Segundo dados da própria Sabesp, o Índice de Qualidade das Águas (IQA) da Companhia Ambiental do Estado de São Paulo (Cetesb) para as águas do Sistema Cantareira apresentava valor 70 (em uma escala de 0 a 100) no ano 2000, indicando “boa qualidade”. Durante o período de 2010 a 2017, com o aumento da cobertura vegetal no entorno da represa, o índice subiu 10 pontos, passando a apresentar “ótima qualidade”, de acordo com Mara Ramos.

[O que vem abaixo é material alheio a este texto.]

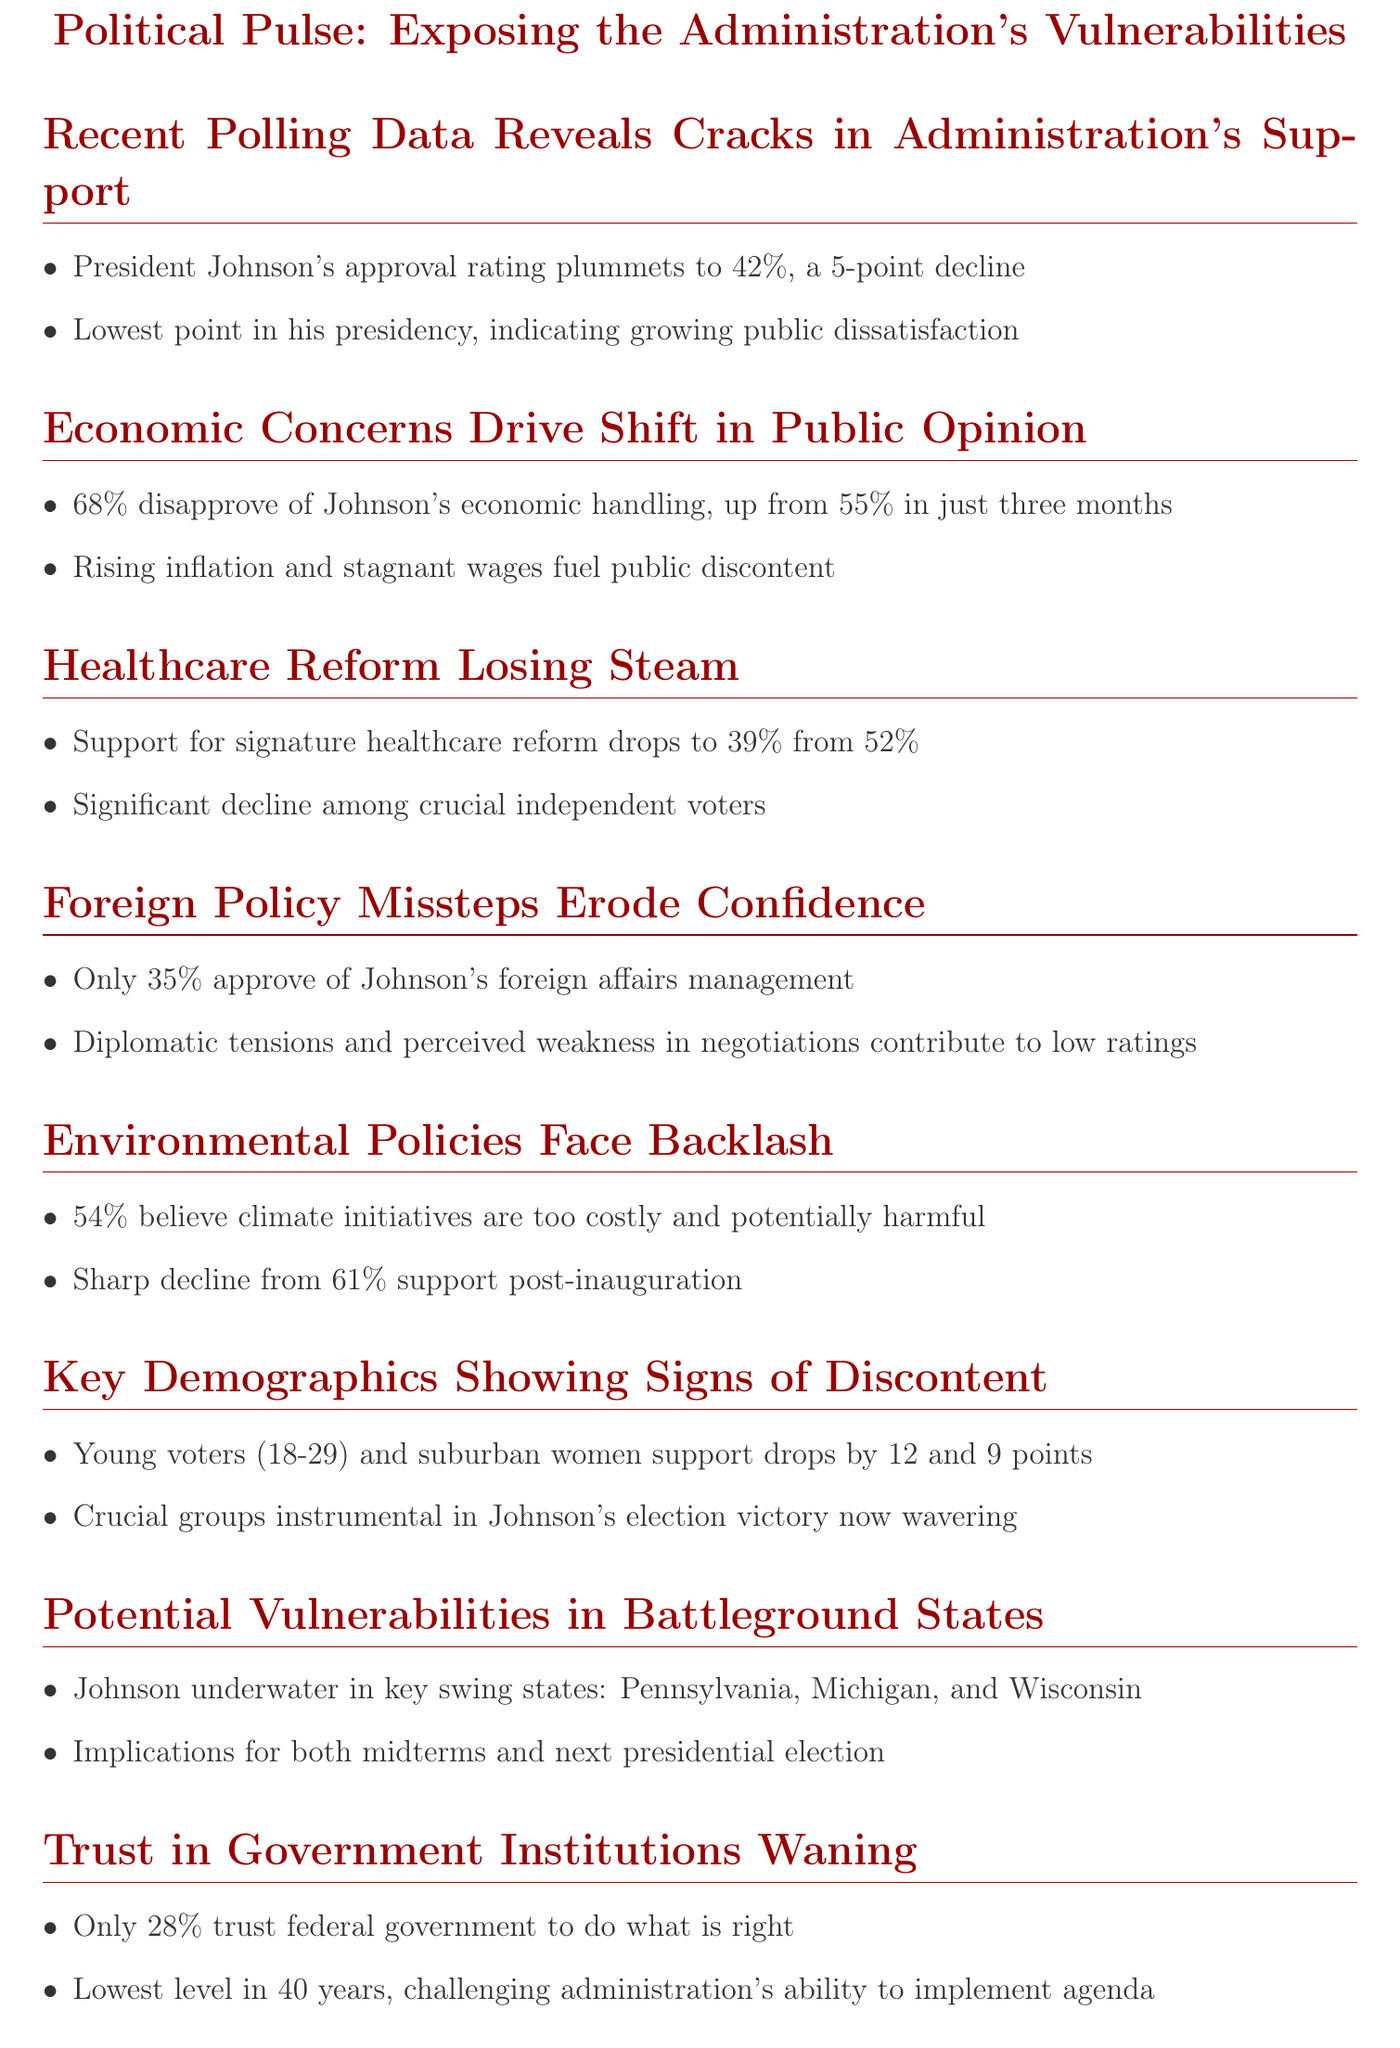What is President Johnson's approval rating? The document states that President Johnson's approval rating has dropped to 42%.
Answer: 42% What percentage of Americans disapprove of Johnson's handling of the economy? According to the Pew Research Center survey, 68% of Americans disapprove of President Johnson's handling of the economy.
Answer: 68% What was the support for the healthcare reform at the beginning of the year? The Kaiser Family Foundation's latest poll indicates that support for the administration's signature healthcare reform was 52% at the beginning of the year.
Answer: 52% How much has support among young voters decreased since the last election? A Quinnipiac University poll highlights that support among young voters has fallen by 12 points.
Answer: 12 points What is the current public trust percentage in federal government? An ABC News/Washington Post poll indicates that only 28% of Americans trust the federal government to do what is right.
Answer: 28% Which demographic showed a 9-point decrease in support? The document mentions suburban women showed a 9-point decrease in support since last election.
Answer: Suburban women In which states is President Johnson's approval rating underwater? The latest Morning Consult state-by-state approval ratings show President Johnson underwater in key swing states like Pennsylvania, Michigan, and Wisconsin.
Answer: Pennsylvania, Michigan, Wisconsin What is the percentage of Americans who believe climate initiatives are too costly? The latest YouGov/Economist poll shows that 54% of Americans believe the administration's climate initiatives are too costly.
Answer: 54% What was the support for climate initiatives just after Johnson took office? The document indicates that support for climate initiatives was 61% just after President Johnson took office.
Answer: 61%

No Brasil, tem sido comum a sustentabilidade ganhar força somente quando os riscos aos negócios já se tornaram presentes. Embora a expectativa dos efeitos da mudança do clima esteja nos estudos científicos e nos noticiários há mais de uma década, para muita gente ainda é preciso ver para crer. O ano de 2015 acendeu a luz amarela (ou vermelha, para alguns) dos efeitos das adversidades climáticas, e levou as empresas, principalmente aquelas muito dependente de recursos hídricos, a pensar mais seriamente em suas relações com os ecossistemas. Foi o ano em que a natureza “falou” aos que sabem ouvir: “Precisa de mim? Então me ajuda a te ajudar”.